Unnamed: 0,ORings,DistressedOrings,Temp,Pressure,TempOrderOfFlight
0,6,0,66,50,1
1,6,1,70,50,2
2,6,0,69,50,3
3,6,0,68,50,4
4,6,0,67,50,5
5,6,0,72,50,6
6,6,0,73,100,7
7,6,0,70,100,8
8,6,1,57,200,9
9,6,1,63,200,10


In [2]:
# Ordinary Least Squares Regression

# First, select relevant variables
# O-Rings:           This is a constant (its always 6) so there is no point using it as a predictor.
#                    It doesn't vary so it can't contribute to different cases having different
#                    outcomes.
# DistressedOrings:  This is what we're trying to predict so this is our target variable
# Temp:              Our most important predictor
# Pressure:          Might or might not be predictive. Include it and see what happens
# TempOrderOfFlight: This is just the order of the flights (Flight #1, #2, etc.).

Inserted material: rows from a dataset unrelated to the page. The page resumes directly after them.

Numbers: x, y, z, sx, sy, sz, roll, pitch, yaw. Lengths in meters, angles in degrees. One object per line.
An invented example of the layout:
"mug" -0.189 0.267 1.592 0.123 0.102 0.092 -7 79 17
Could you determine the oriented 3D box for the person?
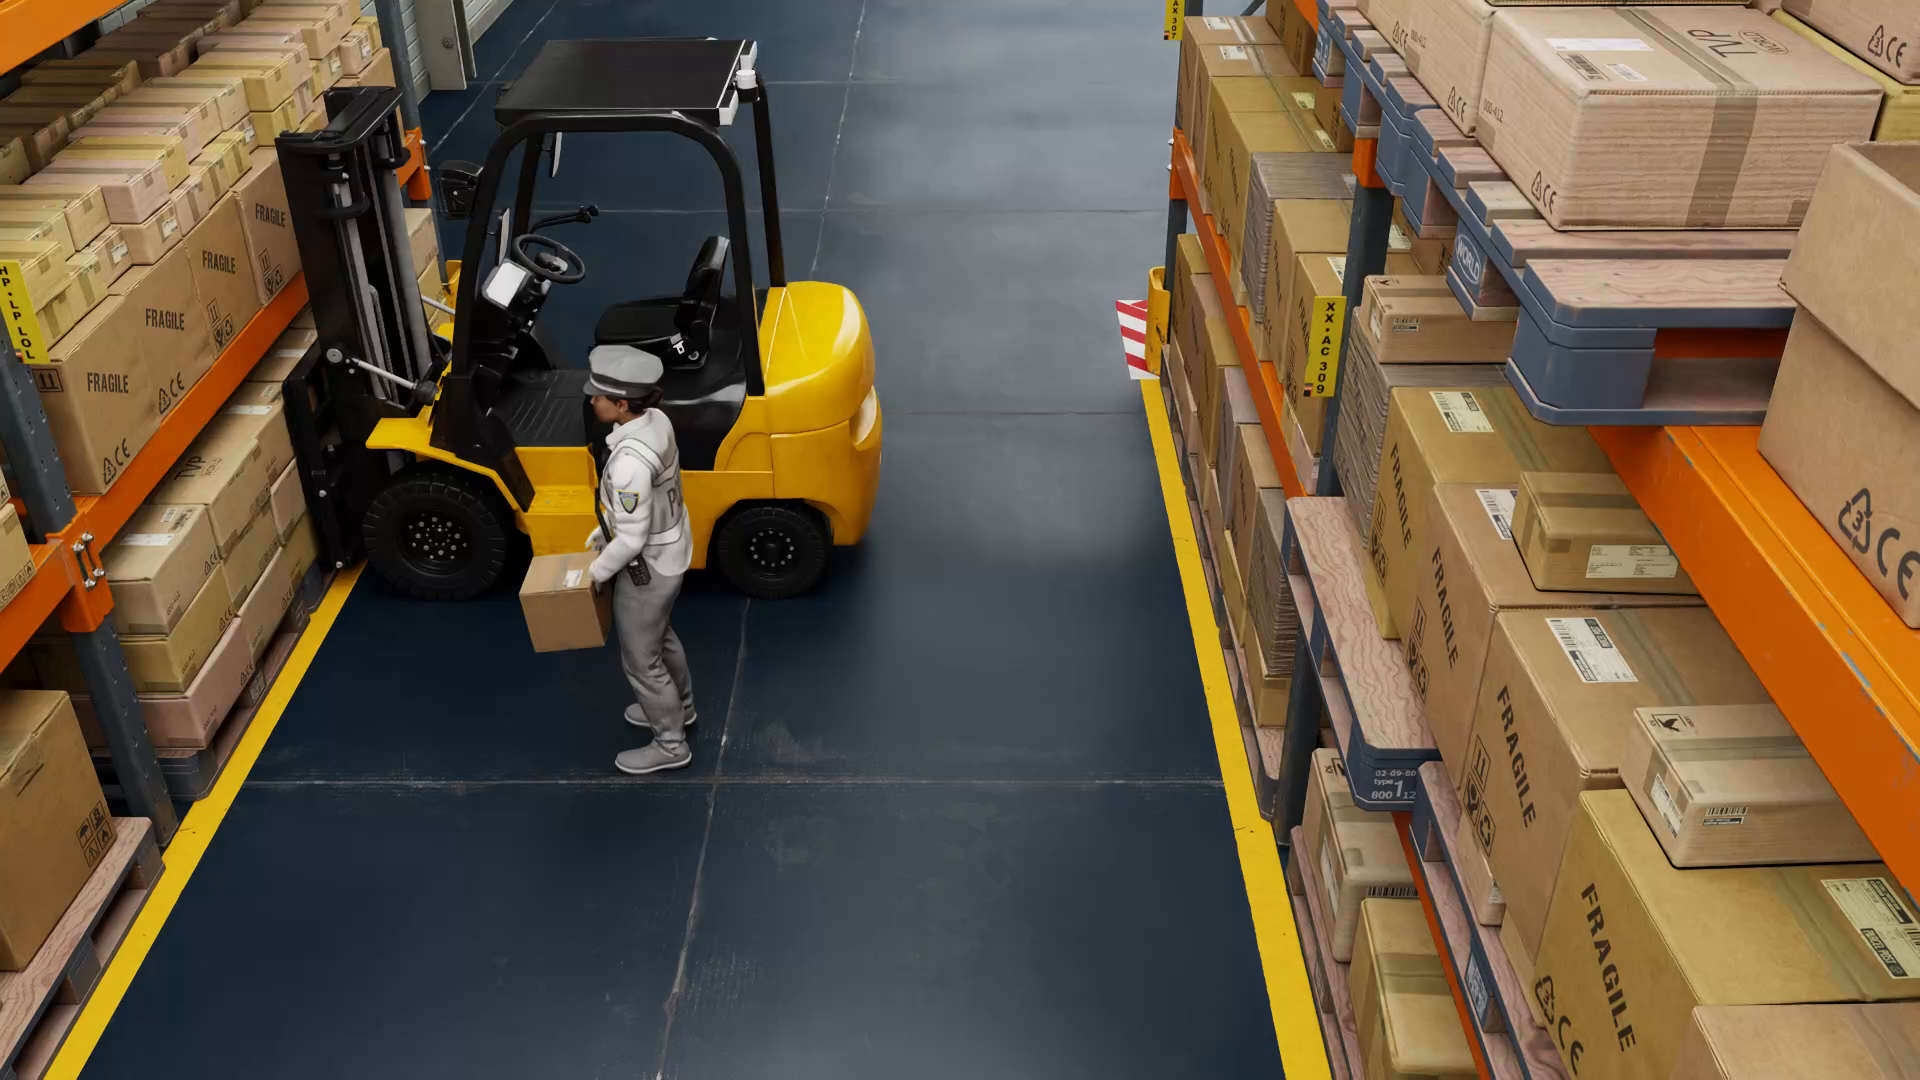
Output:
"person" -1.175 0.083 5.977 0.391 1.684 0.500 -1 32 -1
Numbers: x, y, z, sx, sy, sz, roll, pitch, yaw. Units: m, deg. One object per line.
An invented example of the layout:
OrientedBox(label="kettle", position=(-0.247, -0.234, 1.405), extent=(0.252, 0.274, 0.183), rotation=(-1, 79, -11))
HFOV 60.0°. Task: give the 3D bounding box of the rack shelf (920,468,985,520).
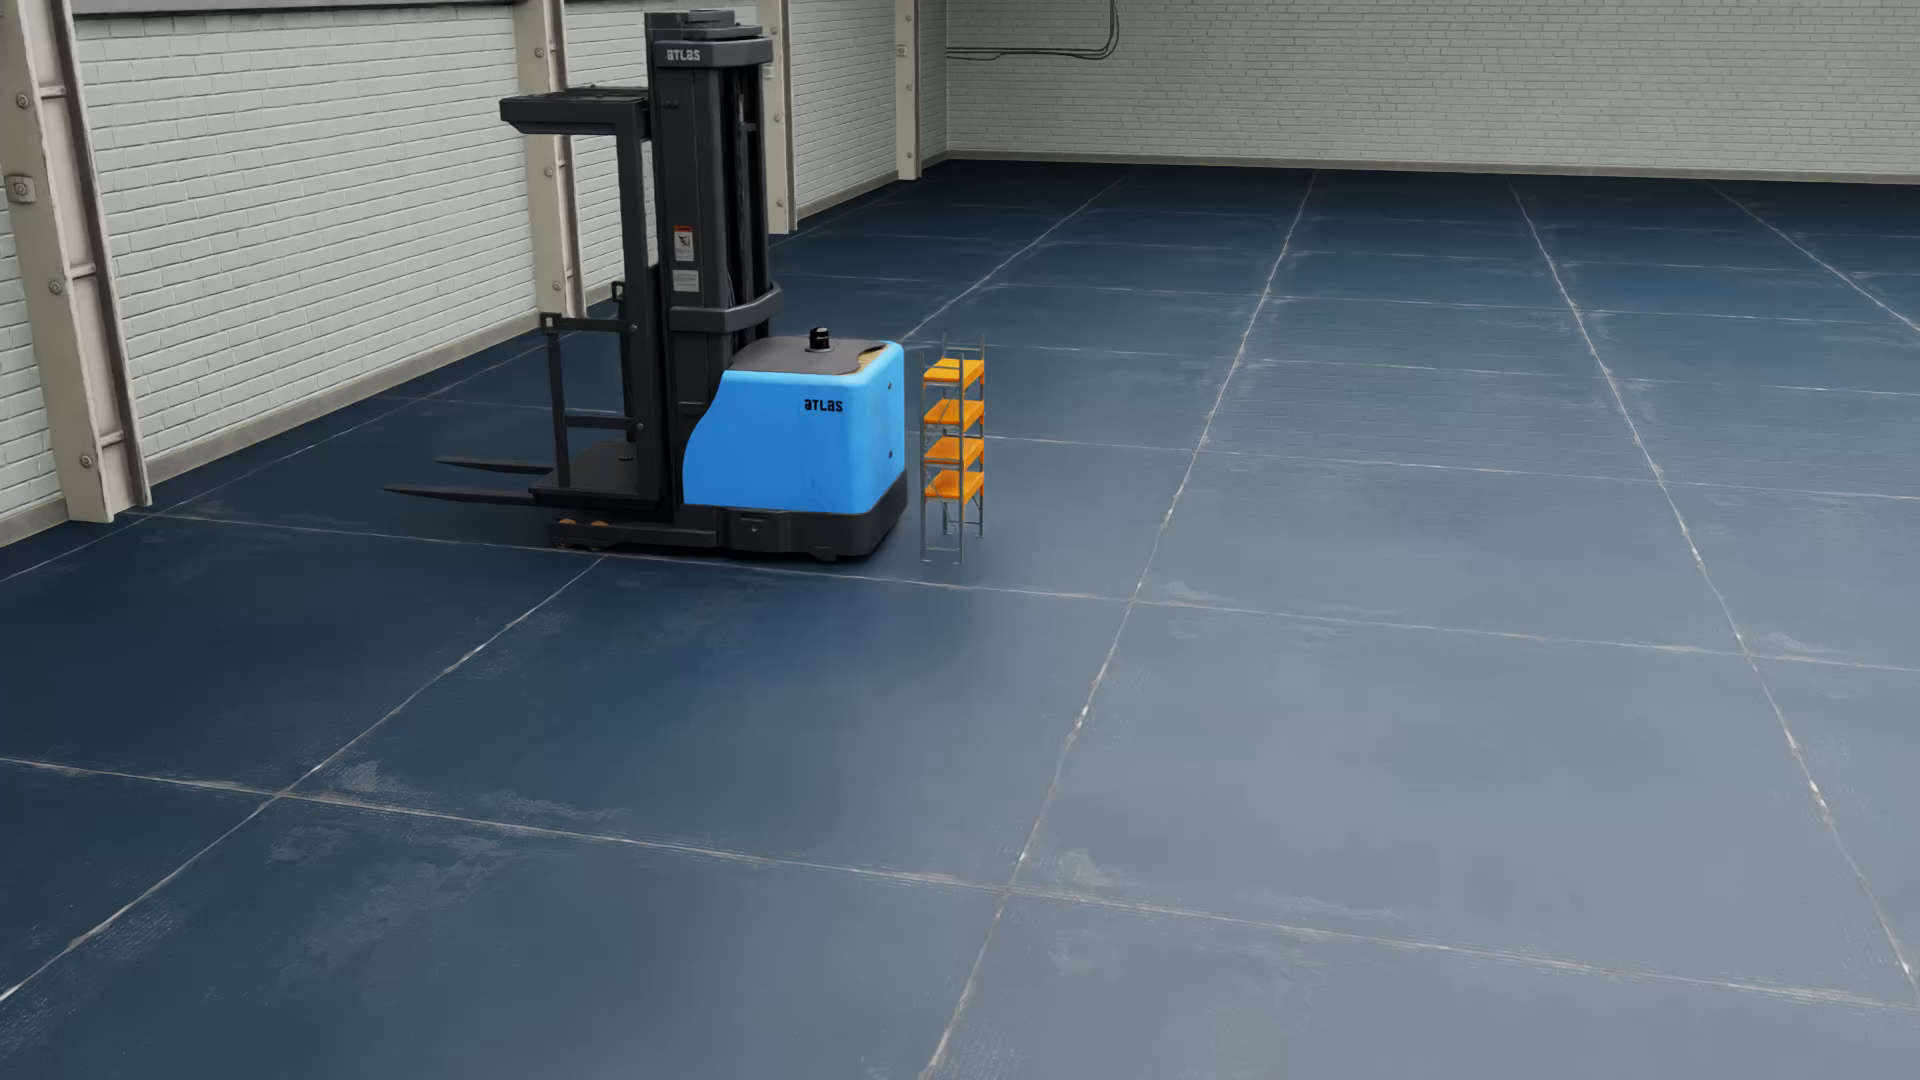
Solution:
OrientedBox(label="rack shelf", position=(-0.040, -0.264, 9.428), extent=(0.258, 0.148, 0.480), rotation=(5, 19, 13))

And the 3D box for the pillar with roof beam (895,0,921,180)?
OrientedBox(label="pillar with roof beam", position=(3.355, -9.736, 24.270), extent=(9.100, 9.000, 0.400), rotation=(5, 19, 13))

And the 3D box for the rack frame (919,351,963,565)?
OrientedBox(label="rack frame", position=(-0.100, -0.439, 9.118), extent=(0.240, 1.200, 0.015), rotation=(5, 19, 13))

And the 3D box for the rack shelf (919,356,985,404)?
OrientedBox(label="rack shelf", position=(-0.040, -0.888, 9.215), extent=(0.258, 0.148, 0.480), rotation=(5, 19, 13))

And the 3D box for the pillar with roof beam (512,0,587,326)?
OrientedBox(label="pillar with roof beam", position=(0.424, -5.975, 13.259), extent=(9.100, 9.000, 0.400), rotation=(5, 19, 13))

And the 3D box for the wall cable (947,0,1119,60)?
OrientedBox(label="wall cable", position=(1.183, -9.426, 28.165), extent=(3.097, 2.526, 0.112), rotation=(5, 19, 13))

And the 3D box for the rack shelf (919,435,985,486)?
OrientedBox(label="rack shelf", position=(-0.040, -0.452, 9.363), extent=(0.258, 0.148, 0.480), rotation=(5, 19, 13))

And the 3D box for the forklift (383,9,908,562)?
OrientedBox(label="forklift", position=(-1.888, -1.489, 9.512), extent=(3.031, 2.935, 1.130), rotation=(4, 19, 11))

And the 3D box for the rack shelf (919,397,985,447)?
OrientedBox(label="rack shelf", position=(-0.040, -0.664, 9.291), extent=(0.258, 0.148, 0.480), rotation=(5, 19, 13))

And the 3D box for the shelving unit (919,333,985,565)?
OrientedBox(label="shelving unit", position=(-0.040, -0.516, 9.342), extent=(0.258, 1.200, 0.503), rotation=(5, 19, 13))

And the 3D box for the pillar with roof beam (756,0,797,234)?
OrientedBox(label="pillar with roof beam", position=(1.889, -7.856, 18.764), extent=(9.100, 9.000, 0.400), rotation=(5, 19, 13))

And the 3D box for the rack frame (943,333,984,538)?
OrientedBox(label="rack frame", position=(0.019, -0.592, 9.566), extent=(0.240, 1.200, 0.015), rotation=(5, 19, 13))

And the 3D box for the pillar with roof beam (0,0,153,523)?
OrientedBox(label="pillar with roof beam", position=(-1.042, -4.094, 7.753), extent=(9.100, 9.000, 0.400), rotation=(5, 19, 13))

If we were interested
#                    in whether the situation is getting better or worse over time we want to include
#                    this as a predictor but since we are only interested in the effects of temperature
#                    (and possibly test pressure) including this might result in the model attributing
#                    the change in # of rings to just the passage of time and mask the relationship
#                    we're really interested in.

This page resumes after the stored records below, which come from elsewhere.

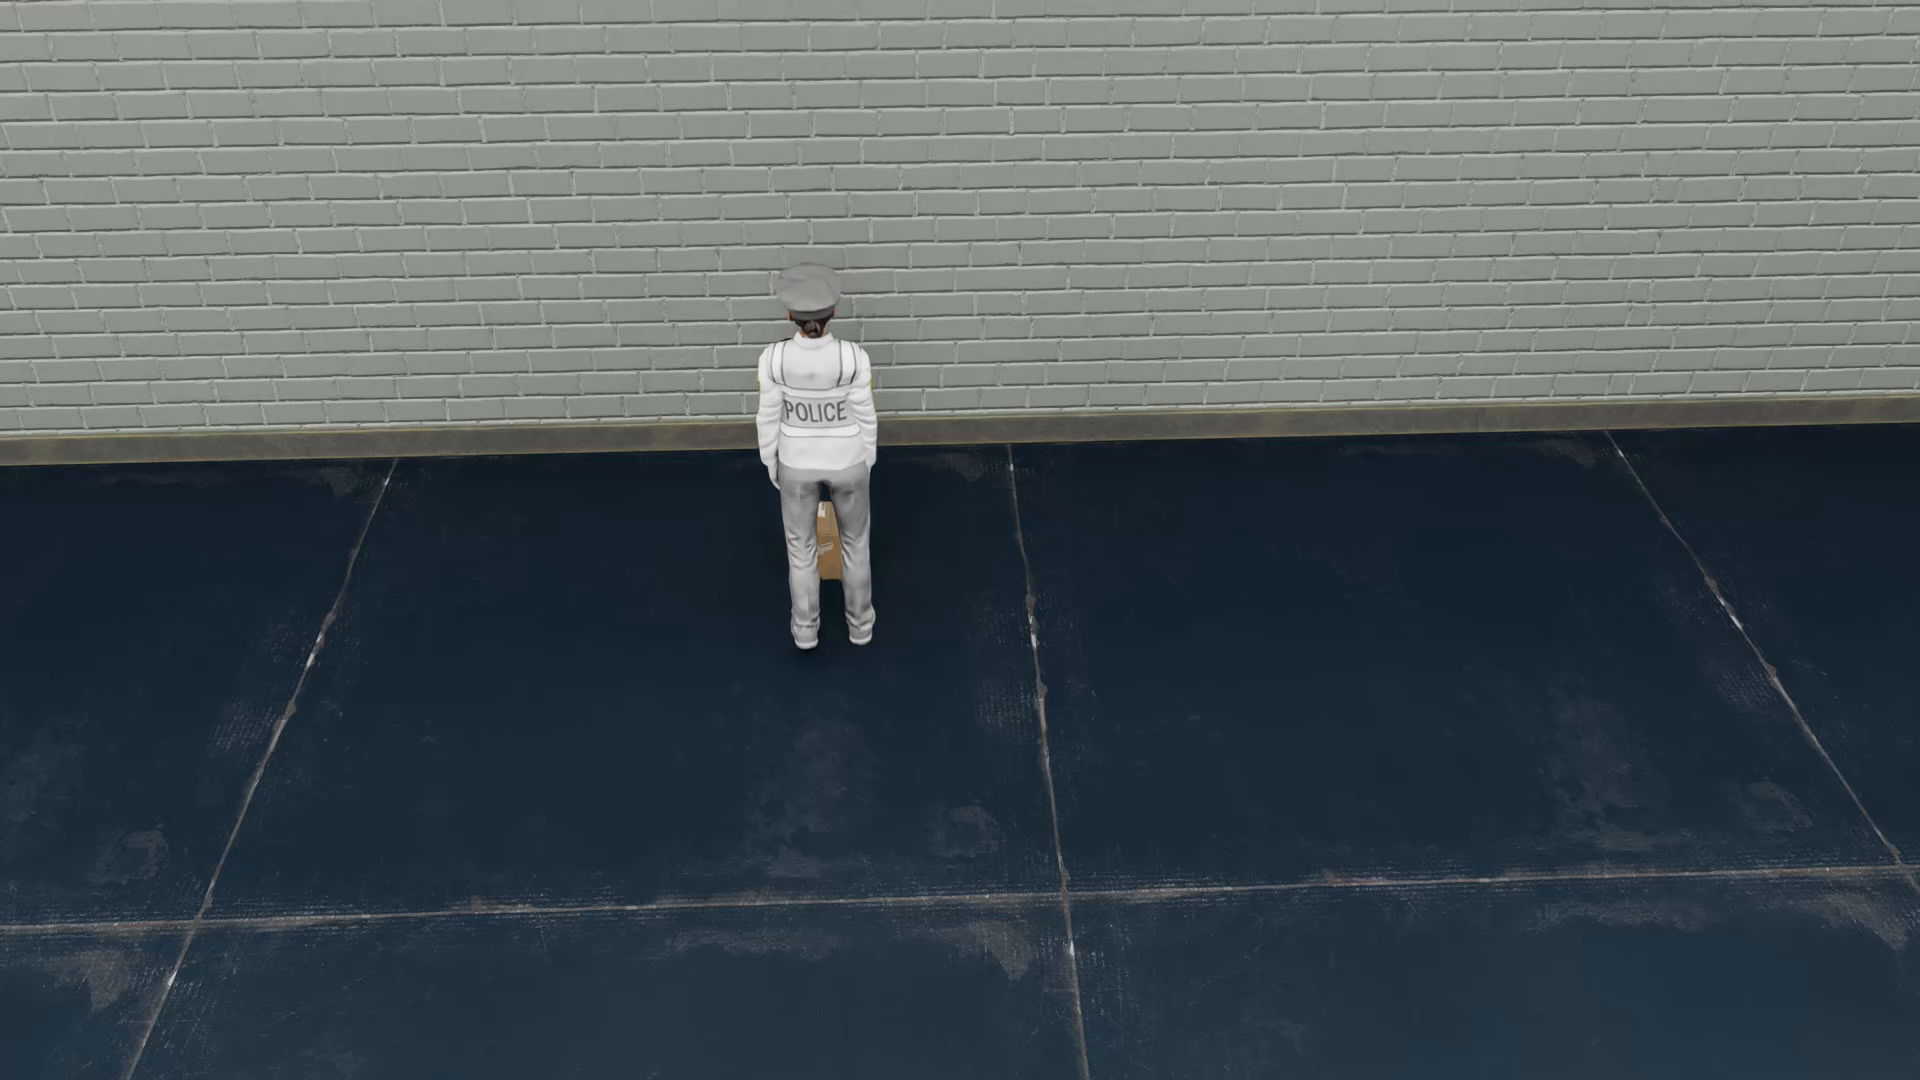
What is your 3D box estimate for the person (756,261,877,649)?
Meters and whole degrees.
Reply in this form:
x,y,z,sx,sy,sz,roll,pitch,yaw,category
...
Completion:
x,y,z,sx,sy,sz,roll,pitch,yaw,category
-0.554,-0.303,6.571,0.466,1.692,0.341,-1,35,-1,person

X = df[['Temp', 'Pressure']]
y = df['DistressedOrings']

# Add a constant so the model will choose an intercept. (Otherwise the model will fit a line
# through the origin).
X = sm.add_constant(X)

# Fit the OLS model
est = sm.OLS(y, X).fit()

# Check the results
est.summary()

0,1,2,3
Dep. Variable:,DistressedOrings,R-squared:,0.354
Model:,OLS,Adj. R-squared:,0.29
Method:,Least Squares,F-statistic:,5.49
Date:,"Sun, 05 Jul 2015",Prob (F-statistic):,0.0126
Time:,09:29:40,Log-Likelihood:,-17.408
No. Observations:,23,AIC:,40.82
Df Residuals:,20,BIC:,44.22
Df Model:,2,,
Covariance Type:,nonrobust,,

0,1,2,3,4,5
,coef,std err,t,P>|t|,[95.0% Conf. Int.]
const,3.3298,1.188,2.803,0.011,0.851 5.808
Temp,-0.0487,0.017,-2.910,0.009,-0.084 -0.014
Pressure,0.0029,0.002,1.699,0.105,-0.001 0.007

0,1,2,3
Omnibus:,19.324,Durbin-Watson:,2.39
Prob(Omnibus):,0.0,Jarque-Bera (JB):,23.471
Skew:,1.782,Prob(JB):,8e-06
Kurtosis:,6.433,Cond. No.,1840.0


In [3]:
est.params

const       3.329831
Temp       -0.048671
Pressure    0.002939
dtype: float64

In [4]:
# Intercept
constant = est.params[0] 
# Coeff for Temp
coef1 = est.params[1]
# Coeff for Pressure
coef2 = est.params[2]

# No. of O rings in distress when temperature = 31 and pressure is 0, 50, 100, and 200
for pressure in [0, 50, 100, 200]:
    print "Temp=31 Pressure=", pressure, " Predicted # of O-Rings in distress:", constant + coef1 * 31 + coef2 * pressure

Temp=31 Pressure= 0  Predicted # of O-Rings in distress: 1.82102695086
Temp=31 Pressure= 50  Predicted # of O-Rings in distress: 1.96799318368
Temp=31 Pressure= 100  Predicted # of O-Rings in distress: 2.1149594165
Temp=31 Pressure= 200  Predicted # of O-Rings in distress: 2.40889188214


In [5]:
# Conclusion
#
# If we assume the overall relationship is linear the analysis suggests that approximately 2 o-rings
# will experience distress if the temperature the day of the launch is 31F.  See notes below for
# important cautions.
#
# Notes
#
# Extrapolating results outside the range of actual observations like we are doing here is always
# a very dicey proposition. It assumes that the overall relationship is truly linear but any smooth 
# curve looked at over a small enough range will look straight--this is why calculus works.
# In the absence of any better way to do this (there were only so many actual flights) it can provide
# some insight but must be thought of as indicative only, not an actual prediction with any precision.